The algorithm will preserve the element at the end of this process in accordance with the majority vote of the sequence. If there isn't overwhelming support for one option, the algorithm could report the wrong answer. To restate, the correct outcomes can be expected from the Boyer-Moore majority vote technique if the majority element is present in the input.
  • Quickselect Algorithm
An unordered list's kth smallest element can be located with the use of a selection process called Quickselect. Similar to Quicksort, which is another sorting method. Similar to Quicksort, it has strong average-case performance but subpar worst-case performance while still being efficient in the traditional sense. Similar to Quicksort, Quickselect employs a single element to act as a pivot and divides the data into two halves based on whether or not the value of that element is less than or larger than the pivot. However, unlike Quicksort, which recursively searches both sides, Quickselect only searches one side. Since the pivot has reached its final sorted location, everything before it and everything after it are also unsorted. As a result, the complexity goes from O(n.log(n)) to O(n) on average and O(n2) in the worst case, where n is the amount of the input.
  • Heap Sort Algorithm
Heapsort is a sorting algorithm that performs in-place comparisons to sort data into sorted and unsorted regions. It is sometimes considered an enhanced version of selection sorting. By repeatedly taking the largest or smallest member and adding it to the sorted set, the unsorted set is shrunk. Instead of performing a linear-time search for the maximum, the new method employs a heap data structure. Since the implementation of Heapsort does not generate a stable sort, the input order of equal elements is not maintained in the sorted output. When compared to O (n.log n) sorting algorithms like quicksort and merge sort, it is noticeably slower.

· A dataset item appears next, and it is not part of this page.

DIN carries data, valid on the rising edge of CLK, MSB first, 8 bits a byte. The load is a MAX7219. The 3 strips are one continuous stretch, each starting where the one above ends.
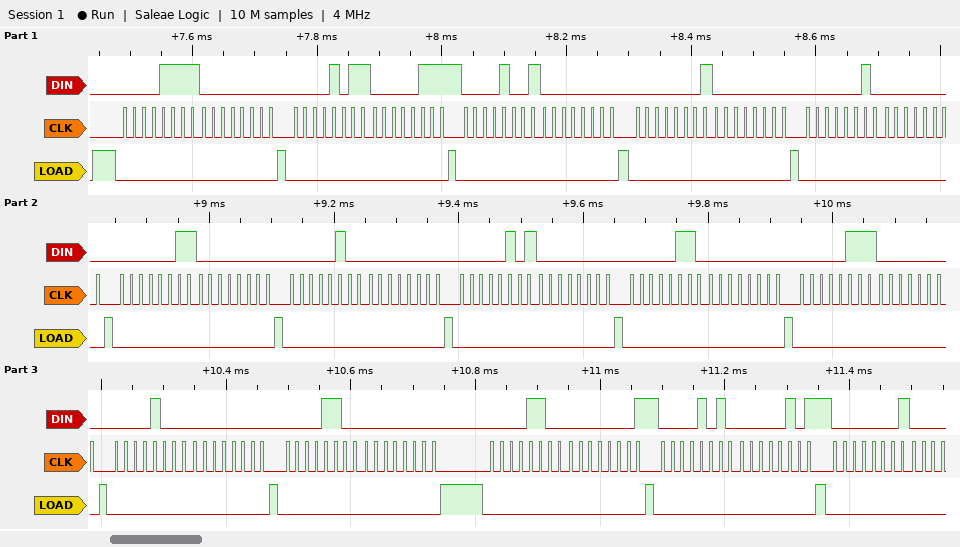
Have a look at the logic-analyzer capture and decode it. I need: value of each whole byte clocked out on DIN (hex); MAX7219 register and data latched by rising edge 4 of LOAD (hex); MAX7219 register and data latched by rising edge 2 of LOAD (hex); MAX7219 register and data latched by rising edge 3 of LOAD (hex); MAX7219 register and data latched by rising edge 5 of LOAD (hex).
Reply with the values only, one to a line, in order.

  • Counting Sort Algorithm
If you need to sort an array whose keys are all integers and fall within a certain range, you can use the counting sort technique. It determines where each key value should be placed in the output by first counting how many items have that particular key value.
Counting sort is an effective way to determine the most used letter in a file or to sort an array with a restricted range. Counting sort needs to be reliable because it is frequently used as a subroutine in the radix sorting algorithm.
The program iteratively processes the data, generating a histogram that shows how frequently each key appears in the input set. The output array's index, into which items with a given key begin, is then computed using a prefix sum operation. The last step is a second loop of the data, this time inserting the items into the output array in the order they were sorted.


In order to solve a real-world problem, you need to break it down into manageable chunks, and in order to do that, you need to have a firm grasp on the theory behind the problem. However, as we all know, theory is incomplete without practice, and algorithms have both theoretical and practical importance. Selecting the proper data format is essential, but so is having a solid understanding of common methods. Here are some well-known algorithms that any aspiring computer programmer and IT major should be familiar with.